Thomas Heldrup, head of content protection and enforcement at the DRA, says this new effort was inspired by the Times. “Common Crawl is unique in that we are seeing a lot of big AI companies using their data,” says Heldrup. He sees his corpus as a threat to media companies trying to deal with AI titans.

Although Common Crawl has been essential to the development of many text-based generative AI tools, it was not designed with AI in mind. Founded in 2007, the San Francisco-based organization was best known before the rise of AI for its value as a research tool. “Common Crawl is caught in this conflict over copyright and generative AI,” says Stefan Baack, a data analyst at the Mozilla Foundation who recently published a report on Common Crawl’s role in AI training. “For many years it was a small niche project that almost no one knew about.”

Before 2023, Common Crawl did not receive a single request to redact data. Now, in addition to requests from the New York Times and this group of Danish editors, he is also receiving an increase in requests that have not been made public.
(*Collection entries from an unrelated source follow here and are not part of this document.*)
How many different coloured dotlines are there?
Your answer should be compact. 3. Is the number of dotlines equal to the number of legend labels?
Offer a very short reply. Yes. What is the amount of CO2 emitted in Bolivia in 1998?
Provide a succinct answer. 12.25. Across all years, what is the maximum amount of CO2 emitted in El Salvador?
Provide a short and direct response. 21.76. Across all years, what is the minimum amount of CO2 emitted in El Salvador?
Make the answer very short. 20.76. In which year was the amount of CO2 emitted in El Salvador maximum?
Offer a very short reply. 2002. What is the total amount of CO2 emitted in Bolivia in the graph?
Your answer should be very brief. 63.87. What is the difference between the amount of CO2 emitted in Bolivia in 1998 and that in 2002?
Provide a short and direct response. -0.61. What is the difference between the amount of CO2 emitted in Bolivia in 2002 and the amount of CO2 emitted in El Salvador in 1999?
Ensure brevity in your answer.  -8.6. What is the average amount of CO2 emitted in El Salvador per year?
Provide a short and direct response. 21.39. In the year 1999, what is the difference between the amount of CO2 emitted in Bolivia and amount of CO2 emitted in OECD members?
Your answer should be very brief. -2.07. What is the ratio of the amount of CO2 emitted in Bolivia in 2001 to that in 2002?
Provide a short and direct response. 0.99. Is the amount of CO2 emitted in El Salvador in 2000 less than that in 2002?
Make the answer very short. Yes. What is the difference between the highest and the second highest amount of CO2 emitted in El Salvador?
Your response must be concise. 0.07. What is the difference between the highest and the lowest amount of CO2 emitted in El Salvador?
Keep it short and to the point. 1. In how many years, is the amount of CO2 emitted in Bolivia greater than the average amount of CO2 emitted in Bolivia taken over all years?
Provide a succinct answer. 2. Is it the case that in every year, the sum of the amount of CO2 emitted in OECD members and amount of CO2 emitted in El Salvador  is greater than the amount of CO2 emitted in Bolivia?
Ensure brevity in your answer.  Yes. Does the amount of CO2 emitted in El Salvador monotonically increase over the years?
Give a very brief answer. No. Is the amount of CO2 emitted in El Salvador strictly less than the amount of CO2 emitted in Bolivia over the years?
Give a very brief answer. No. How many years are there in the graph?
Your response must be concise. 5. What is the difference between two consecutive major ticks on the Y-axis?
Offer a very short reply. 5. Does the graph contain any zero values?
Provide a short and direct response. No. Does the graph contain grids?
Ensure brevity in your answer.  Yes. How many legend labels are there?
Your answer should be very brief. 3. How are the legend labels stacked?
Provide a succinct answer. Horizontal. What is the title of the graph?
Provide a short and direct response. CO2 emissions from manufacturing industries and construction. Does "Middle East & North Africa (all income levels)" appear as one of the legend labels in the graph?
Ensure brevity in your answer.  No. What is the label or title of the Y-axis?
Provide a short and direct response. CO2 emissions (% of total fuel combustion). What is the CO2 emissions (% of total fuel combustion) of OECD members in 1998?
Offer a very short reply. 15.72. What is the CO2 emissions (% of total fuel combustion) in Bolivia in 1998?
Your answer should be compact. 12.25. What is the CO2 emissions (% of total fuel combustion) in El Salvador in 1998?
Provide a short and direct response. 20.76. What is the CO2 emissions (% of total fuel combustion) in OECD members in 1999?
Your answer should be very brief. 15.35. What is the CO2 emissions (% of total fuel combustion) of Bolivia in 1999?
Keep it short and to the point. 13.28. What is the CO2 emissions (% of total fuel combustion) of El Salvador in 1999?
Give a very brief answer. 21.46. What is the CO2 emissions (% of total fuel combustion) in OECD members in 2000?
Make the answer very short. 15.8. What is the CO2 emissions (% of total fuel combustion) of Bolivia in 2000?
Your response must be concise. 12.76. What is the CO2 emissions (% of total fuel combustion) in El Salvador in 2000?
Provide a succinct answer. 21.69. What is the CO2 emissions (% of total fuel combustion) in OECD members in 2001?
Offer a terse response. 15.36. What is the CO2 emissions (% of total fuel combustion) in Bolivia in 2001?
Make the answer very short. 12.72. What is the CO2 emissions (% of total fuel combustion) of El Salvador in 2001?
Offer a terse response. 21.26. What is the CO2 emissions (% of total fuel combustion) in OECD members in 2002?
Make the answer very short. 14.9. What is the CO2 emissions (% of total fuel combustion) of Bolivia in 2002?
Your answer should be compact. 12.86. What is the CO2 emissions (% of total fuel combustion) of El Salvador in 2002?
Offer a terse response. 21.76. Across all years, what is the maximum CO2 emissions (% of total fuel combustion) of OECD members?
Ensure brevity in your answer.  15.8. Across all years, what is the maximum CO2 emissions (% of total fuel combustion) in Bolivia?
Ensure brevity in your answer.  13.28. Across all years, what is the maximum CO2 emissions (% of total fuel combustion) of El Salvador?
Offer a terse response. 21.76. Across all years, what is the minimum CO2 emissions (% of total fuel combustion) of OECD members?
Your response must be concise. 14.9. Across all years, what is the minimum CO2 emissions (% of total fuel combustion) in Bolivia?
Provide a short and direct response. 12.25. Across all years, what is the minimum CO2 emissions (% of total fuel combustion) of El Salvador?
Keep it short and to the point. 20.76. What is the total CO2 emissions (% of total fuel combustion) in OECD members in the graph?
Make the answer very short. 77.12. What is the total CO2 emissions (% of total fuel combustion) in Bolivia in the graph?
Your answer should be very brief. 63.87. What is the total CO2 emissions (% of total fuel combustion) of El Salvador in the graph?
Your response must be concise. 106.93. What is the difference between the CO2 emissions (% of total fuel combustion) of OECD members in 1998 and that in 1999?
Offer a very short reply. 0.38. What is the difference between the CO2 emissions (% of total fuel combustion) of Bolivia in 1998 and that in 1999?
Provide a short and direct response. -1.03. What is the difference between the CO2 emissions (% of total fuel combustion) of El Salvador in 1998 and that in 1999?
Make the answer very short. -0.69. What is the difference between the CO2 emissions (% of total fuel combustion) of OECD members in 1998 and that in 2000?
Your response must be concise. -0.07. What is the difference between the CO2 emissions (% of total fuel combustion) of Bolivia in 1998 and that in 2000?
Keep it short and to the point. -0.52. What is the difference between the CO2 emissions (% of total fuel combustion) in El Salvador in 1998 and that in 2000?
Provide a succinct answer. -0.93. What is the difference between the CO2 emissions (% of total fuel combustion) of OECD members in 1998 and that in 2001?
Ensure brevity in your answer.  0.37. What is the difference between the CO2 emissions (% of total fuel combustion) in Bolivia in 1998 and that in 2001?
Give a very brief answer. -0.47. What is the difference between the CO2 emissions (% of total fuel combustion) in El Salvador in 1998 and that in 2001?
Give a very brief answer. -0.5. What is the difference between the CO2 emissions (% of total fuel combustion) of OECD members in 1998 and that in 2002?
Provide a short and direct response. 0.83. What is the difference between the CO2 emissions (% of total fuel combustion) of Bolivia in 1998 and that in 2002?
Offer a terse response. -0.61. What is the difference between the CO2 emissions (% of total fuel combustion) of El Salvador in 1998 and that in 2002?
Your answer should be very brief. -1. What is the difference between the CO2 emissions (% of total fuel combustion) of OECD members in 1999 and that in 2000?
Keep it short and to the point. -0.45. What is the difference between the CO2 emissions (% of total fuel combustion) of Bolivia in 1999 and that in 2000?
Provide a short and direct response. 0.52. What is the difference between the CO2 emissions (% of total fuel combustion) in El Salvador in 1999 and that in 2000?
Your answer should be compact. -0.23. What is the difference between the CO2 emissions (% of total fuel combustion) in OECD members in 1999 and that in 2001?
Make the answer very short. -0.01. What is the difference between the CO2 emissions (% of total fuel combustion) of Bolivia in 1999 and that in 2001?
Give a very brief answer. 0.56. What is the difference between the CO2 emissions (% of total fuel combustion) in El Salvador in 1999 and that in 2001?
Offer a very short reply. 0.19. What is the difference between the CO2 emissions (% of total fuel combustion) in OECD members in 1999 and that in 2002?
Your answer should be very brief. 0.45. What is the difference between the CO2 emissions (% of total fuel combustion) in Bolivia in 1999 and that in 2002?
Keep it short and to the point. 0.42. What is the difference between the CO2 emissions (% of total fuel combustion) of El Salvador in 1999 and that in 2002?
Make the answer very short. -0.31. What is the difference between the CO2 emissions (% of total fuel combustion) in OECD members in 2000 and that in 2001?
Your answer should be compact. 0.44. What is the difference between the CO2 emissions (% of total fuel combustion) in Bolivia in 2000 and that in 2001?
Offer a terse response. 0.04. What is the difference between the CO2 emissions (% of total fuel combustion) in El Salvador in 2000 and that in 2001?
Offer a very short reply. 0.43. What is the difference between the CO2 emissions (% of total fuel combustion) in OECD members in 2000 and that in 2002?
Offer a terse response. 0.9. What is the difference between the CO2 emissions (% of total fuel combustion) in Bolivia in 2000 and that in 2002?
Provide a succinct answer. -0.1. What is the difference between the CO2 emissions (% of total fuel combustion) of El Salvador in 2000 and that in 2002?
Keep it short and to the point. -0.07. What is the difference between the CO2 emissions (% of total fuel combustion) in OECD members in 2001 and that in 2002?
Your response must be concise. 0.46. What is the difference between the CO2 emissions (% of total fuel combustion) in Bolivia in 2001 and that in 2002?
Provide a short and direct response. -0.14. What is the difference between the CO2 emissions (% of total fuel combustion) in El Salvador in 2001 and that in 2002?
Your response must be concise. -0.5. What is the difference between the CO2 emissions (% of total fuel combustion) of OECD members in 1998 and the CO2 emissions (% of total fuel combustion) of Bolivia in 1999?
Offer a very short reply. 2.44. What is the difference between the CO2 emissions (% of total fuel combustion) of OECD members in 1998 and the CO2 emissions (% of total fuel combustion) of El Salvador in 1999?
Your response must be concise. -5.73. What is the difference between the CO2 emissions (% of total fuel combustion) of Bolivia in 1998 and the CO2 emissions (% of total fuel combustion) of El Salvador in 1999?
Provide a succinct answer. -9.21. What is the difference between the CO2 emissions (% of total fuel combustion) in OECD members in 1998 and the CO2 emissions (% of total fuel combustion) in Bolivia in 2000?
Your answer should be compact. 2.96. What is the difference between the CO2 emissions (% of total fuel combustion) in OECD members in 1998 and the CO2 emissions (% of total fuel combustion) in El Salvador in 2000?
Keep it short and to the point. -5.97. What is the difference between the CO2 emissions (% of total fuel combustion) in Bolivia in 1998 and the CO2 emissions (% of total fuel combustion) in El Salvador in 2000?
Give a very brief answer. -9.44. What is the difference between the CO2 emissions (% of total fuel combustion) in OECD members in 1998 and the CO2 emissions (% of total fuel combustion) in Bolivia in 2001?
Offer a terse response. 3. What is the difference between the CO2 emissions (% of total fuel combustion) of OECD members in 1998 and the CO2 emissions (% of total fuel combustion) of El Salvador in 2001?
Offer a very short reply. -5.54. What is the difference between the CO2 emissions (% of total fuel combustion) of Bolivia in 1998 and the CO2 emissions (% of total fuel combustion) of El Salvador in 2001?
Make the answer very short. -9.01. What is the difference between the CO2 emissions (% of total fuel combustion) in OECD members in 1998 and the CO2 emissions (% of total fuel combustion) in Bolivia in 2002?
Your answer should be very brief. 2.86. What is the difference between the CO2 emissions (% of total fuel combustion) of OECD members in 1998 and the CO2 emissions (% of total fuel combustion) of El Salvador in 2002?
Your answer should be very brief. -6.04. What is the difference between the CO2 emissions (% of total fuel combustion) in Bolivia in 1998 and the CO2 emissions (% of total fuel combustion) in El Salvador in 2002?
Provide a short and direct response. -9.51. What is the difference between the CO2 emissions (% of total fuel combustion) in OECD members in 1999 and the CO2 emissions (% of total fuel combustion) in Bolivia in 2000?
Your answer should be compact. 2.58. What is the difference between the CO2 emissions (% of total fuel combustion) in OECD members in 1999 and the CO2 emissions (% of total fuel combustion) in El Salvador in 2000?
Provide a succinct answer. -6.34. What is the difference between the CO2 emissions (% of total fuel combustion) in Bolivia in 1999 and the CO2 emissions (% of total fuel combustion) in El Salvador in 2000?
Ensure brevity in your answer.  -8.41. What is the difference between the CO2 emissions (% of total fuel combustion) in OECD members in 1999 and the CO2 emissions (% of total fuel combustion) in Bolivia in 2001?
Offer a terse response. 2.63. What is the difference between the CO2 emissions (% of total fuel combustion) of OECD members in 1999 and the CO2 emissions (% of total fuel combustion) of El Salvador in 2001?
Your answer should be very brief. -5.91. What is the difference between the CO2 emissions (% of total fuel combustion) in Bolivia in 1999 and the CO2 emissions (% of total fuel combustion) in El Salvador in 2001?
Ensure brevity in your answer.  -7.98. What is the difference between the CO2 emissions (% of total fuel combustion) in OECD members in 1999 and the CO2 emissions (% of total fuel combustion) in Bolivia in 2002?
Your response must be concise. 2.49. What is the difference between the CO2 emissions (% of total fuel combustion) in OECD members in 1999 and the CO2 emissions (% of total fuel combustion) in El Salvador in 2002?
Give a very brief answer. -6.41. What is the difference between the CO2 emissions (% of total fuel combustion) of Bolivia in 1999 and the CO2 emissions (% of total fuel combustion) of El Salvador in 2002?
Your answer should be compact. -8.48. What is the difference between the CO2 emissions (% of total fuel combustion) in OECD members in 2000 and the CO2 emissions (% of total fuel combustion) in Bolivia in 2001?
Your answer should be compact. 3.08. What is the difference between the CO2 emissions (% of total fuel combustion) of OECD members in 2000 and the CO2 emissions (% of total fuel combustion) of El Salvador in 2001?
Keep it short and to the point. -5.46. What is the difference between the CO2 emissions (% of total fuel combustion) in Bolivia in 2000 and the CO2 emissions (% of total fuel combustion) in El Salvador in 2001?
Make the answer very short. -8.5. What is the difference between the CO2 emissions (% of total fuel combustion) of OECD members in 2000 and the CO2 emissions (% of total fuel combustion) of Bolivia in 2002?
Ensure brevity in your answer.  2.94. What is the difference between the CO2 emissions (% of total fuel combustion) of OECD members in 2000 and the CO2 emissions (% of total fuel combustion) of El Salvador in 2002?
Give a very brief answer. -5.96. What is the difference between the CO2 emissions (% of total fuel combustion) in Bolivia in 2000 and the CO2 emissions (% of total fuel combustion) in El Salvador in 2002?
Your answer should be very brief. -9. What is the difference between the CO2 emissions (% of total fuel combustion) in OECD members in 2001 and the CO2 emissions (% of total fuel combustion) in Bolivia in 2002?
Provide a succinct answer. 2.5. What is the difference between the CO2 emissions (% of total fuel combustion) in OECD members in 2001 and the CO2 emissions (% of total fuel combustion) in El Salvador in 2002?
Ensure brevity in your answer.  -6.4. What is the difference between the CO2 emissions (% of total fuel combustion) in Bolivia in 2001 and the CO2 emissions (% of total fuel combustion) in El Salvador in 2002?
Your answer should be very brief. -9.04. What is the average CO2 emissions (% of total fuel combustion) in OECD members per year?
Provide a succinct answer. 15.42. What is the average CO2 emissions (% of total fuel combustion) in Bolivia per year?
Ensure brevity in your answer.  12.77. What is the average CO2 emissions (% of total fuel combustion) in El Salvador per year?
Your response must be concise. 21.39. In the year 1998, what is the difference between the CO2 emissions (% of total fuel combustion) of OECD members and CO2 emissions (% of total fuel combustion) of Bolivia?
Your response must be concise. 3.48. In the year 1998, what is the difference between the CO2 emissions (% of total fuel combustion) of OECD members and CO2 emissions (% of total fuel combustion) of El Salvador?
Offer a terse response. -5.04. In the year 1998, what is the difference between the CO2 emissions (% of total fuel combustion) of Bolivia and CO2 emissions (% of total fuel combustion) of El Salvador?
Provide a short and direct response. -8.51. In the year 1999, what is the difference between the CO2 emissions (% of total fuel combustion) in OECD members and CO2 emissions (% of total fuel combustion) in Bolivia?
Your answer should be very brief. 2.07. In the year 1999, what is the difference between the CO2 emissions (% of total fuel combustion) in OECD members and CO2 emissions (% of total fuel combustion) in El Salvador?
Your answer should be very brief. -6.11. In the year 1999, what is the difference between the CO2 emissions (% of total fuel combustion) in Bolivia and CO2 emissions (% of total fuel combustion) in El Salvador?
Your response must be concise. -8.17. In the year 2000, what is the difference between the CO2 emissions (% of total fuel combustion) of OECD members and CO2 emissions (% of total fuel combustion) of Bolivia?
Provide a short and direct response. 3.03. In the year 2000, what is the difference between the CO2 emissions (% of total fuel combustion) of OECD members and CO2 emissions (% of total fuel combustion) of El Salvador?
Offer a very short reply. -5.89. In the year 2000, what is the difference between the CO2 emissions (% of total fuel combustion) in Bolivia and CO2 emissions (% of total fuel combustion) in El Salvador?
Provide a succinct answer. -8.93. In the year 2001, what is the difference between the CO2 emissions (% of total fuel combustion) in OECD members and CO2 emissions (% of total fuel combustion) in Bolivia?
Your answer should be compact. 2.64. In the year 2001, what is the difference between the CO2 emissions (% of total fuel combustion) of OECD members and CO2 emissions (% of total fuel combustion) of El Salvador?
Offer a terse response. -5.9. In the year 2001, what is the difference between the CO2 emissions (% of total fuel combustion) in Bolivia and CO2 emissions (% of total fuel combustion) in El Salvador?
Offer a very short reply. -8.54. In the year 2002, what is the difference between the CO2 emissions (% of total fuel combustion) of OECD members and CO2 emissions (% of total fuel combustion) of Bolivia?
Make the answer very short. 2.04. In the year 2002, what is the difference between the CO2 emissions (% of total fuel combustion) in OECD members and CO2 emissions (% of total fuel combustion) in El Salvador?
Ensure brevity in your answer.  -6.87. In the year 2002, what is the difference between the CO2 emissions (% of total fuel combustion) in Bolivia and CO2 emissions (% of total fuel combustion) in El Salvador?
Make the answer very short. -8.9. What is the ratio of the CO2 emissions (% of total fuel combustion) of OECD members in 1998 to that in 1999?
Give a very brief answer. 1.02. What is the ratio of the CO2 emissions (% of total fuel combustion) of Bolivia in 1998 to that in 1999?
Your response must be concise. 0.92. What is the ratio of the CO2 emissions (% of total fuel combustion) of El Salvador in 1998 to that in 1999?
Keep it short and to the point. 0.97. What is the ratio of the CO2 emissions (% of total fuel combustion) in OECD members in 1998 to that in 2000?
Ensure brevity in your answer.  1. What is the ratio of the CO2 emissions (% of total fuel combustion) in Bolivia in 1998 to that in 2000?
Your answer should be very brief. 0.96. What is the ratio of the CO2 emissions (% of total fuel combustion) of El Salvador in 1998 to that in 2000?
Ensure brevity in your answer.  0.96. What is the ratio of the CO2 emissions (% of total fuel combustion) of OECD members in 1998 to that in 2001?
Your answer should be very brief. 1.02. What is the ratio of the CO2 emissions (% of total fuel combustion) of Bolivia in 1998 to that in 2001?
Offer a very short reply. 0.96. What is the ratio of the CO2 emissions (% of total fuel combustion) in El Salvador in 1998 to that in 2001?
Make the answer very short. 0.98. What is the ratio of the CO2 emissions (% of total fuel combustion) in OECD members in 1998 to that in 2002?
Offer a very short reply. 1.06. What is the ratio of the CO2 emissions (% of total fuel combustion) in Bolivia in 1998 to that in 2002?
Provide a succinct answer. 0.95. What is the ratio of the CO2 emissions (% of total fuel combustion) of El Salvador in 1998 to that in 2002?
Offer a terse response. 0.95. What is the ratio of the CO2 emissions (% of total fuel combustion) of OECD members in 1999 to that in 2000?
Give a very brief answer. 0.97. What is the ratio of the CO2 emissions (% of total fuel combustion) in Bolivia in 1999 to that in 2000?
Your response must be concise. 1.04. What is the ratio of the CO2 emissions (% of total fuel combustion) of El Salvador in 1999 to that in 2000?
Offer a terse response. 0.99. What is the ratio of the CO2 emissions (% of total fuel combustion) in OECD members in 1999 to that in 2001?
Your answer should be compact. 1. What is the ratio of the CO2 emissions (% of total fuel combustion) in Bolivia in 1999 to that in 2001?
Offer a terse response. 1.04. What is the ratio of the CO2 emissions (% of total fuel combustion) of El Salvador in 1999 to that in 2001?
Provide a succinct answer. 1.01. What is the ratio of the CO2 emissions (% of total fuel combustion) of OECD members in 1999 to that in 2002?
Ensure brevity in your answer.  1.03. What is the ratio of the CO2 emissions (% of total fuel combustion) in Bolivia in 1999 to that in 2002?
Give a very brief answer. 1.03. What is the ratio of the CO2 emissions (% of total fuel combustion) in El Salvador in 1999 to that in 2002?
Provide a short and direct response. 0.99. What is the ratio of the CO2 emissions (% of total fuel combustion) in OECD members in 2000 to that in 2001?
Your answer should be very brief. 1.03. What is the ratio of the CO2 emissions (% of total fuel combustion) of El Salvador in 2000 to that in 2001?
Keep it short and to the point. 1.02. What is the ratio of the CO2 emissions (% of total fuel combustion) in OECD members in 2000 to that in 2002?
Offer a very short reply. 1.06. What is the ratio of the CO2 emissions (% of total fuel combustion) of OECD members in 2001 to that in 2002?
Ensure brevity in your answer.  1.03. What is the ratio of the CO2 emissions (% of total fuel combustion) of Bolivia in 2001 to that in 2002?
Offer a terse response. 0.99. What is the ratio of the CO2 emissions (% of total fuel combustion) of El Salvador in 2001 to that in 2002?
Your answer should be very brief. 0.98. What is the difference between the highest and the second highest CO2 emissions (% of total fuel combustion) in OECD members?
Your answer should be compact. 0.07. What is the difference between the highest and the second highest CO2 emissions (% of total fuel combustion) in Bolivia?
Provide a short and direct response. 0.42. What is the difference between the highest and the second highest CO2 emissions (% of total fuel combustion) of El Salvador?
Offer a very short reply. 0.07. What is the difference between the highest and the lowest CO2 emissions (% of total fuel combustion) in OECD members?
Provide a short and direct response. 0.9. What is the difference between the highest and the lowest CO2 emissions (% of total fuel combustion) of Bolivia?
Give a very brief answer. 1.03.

In addition to this sharp increase in redact data demands, Common Crawl’s web crawler, CCBot, is also increasingly prevented from accumulating new data from publishers. According to AI detection startup Originality AI, which often tracks the use of web crawlers, more than 44 percent of the world’s major news and media sites block CCBot. Aside from BuzzFeed, which began blocking it in 2018, most of the prominent outlets it analyzed, including Reuters, the Washington Post and CBC, rejected the tracker last year alone. “They are being blocked more and more,” says Baack.

Common Crawl’s quick compliance with this type of request is driven by the reality of keeping a small nonprofit afloat. However, compliance does not equate to ideological agreement. Skrenta sees this push to remove archival materials from data repositories like Common Crawl as nothing less than an affront to the Internet as we know it. “It’s an existential threat,” she says. “They will kill the open network.”